Theresa May has pleaded with Tory MPs to unite and deliver on Brexit, warning that “history will judge us all” as she prepares for fresh EU talks.
In a letter to all 317 Conservative MPs, the prime minister urged her party to sacrifice “personal preferences” as she attempts to get an agreement on the terms of the UK’s departure from the EU through parliament.
She confirmed she will return to Brussels for talks with European Commission president Jean-Claude Juncker next week, and plans to speak to the leaders of every EU member state over the coming days.
“History will judge us all for the parts we have played in this process,” Mrs May wrote.

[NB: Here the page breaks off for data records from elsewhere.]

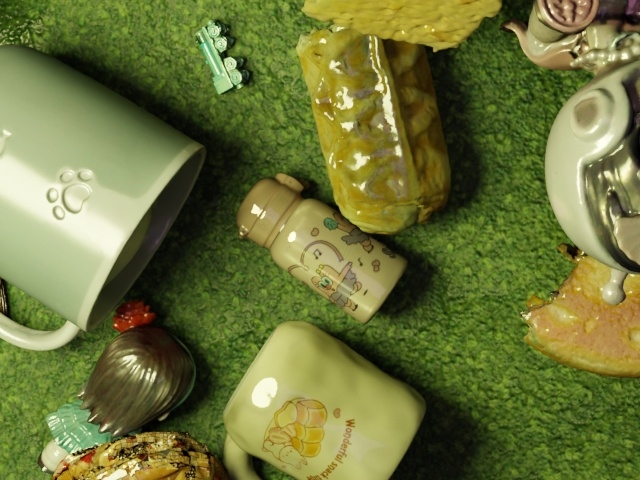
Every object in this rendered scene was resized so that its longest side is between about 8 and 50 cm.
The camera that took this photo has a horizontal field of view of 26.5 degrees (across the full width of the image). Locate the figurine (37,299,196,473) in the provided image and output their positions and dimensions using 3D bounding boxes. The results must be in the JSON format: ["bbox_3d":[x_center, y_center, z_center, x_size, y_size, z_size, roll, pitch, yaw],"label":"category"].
[{"bbox_3d":[-0.261,0.201,1.685,0.138,0.110,0.245,41,106,2],"label":"figurine"}]

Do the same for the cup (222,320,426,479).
[{"bbox_3d":[-0.012,0.226,1.661,0.202,0.255,0.173,32,56,-1],"label":"cup"}]

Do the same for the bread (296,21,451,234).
[{"bbox_3d":[0.069,-0.140,1.605,0.152,0.130,0.268,-14,96,-4],"label":"bread"}]

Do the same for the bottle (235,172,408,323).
[{"bbox_3d":[0.000,0.000,1.644,0.209,0.097,0.110,35,76,0],"label":"bottle"}]

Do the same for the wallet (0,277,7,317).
[{"bbox_3d":[-0.451,0.026,1.720,0.095,0.026,0.176,-8,94,12],"label":"wallet"}]

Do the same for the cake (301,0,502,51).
[{"bbox_3d":[0.099,-0.392,1.483,0.227,0.222,0.286,11,66,-15],"label":"cake"}]

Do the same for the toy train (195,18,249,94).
[{"bbox_3d":[-0.122,-0.224,1.662,0.045,0.029,0.092,-26,90,23],"label":"toy train"}]

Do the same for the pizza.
[{"bbox_3d":[0.377,0.050,1.623,0.289,0.081,0.229,-6,89,7],"label":"pizza"}]

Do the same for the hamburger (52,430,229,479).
[{"bbox_3d":[-0.217,0.328,1.655,0.231,0.107,0.231,-9,127,-13],"label":"hamburger"}]

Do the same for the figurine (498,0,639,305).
[{"bbox_3d":[0.349,-0.130,1.507,0.253,0.211,0.361,-10,72,-26],"label":"figurine"}]

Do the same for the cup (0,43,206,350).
[{"bbox_3d":[-0.338,-0.035,1.604,0.274,0.259,0.357,33,118,1],"label":"cup"}]
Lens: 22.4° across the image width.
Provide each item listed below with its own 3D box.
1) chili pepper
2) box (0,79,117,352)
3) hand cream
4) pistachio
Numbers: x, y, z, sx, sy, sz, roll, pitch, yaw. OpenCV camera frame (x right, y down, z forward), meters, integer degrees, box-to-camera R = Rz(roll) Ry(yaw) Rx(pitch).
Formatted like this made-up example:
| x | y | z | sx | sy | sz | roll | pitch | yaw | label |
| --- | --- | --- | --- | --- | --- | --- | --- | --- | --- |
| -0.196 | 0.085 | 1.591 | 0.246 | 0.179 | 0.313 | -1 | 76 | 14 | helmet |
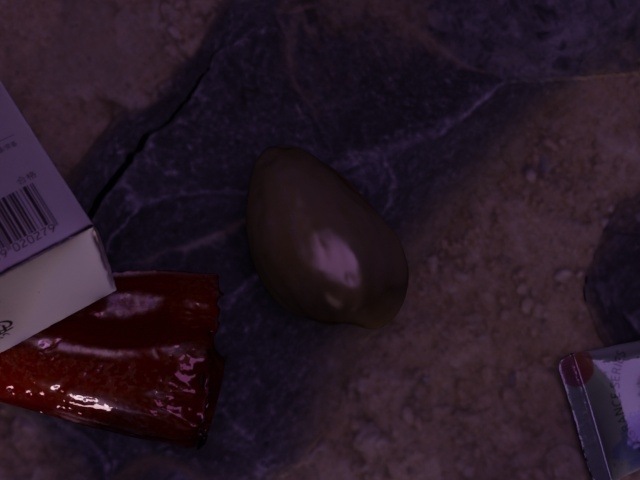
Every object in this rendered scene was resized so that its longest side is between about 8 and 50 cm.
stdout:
| x | y | z | sx | sy | sz | roll | pitch | yaw | label |
| --- | --- | --- | --- | --- | --- | --- | --- | --- | --- |
| -0.205 | 0.085 | 1.380 | 0.252 | 0.136 | 0.144 | 9 | 107 | -1 | chili pepper |
| -0.329 | 0.009 | 1.328 | 0.260 | 0.111 | 0.194 | -29 | 59 | -10 | box |
| 0.396 | 0.122 | 1.496 | 0.340 | 0.078 | 0.124 | -15 | 85 | -7 | hand cream |
| 0.000 | 0.000 | 1.415 | 0.124 | 0.124 | 0.185 | -24 | 83 | -12 | pistachio |

“Without a withdrawal agreement we risk a combination forming in parliament that will stop Brexit altogether, whatever the long-term consequences for trust in our democracy.”
Mrs May said leaving the EU without a deal on March 29 “would cause disruption to our economy and to people’s daily lives, damaging jobs both at home and across the EU”.
She added: “Instead, our party can do what it has done so often in the past: move beyond what divides us and come together behind what unites us; sacrifice if necessary our own personal preferences in the higher service of the national interest.”
Sky News political correspondent Lewis Goodall said Mrs May’s letter was an attempt “to reconcile the irreconcilable”.
He said the PM is facing “two Tory parties with opposite demands – a hardcore of Brexiteers who won’t settle for anything but no-deal, and Remainers who will never allow her to deliver one”.
Mrs May has promised to achieve progress in the Brexit negotiations by the time MPs next debate the issue in parliament on 26 and 27 February.
Brexit Secretary Stephen Barclay will meet the EU’s chief negotiator Michel Barnier on Monday to discuss proposals to avoid the need for the controversial Irish backstop – the customs plan to avoid a “hard” border between Ireland and Northern Ireland if a free trade deal between the UK and EU is not reached.
Meanwhile in a speech on Tuesday, Attorney General Geoffrey Cox will set out what changes would be required to eliminate the legal risk of being indefinitely trapped in the backstop.
It was confirmed last week that Labour will back a cross-party plan from backbencher Yvette Cooper – expected to go to a vote on 27 February – which would force the government to conclude its deal by March 13 or allow MPs to vote on no-deal or a second referendum.
Henry Newman, director of the Open Europe think-tank, said the prime minister’s deal “is still the most likely outcome at this point”.
He told Sky News: “There are three basic choices that remain; no-deal, no Brexit and a version of the prime minister’s deal.
“The most likely remains that a version of the prime minister’s deal will ultimately pass parliament.”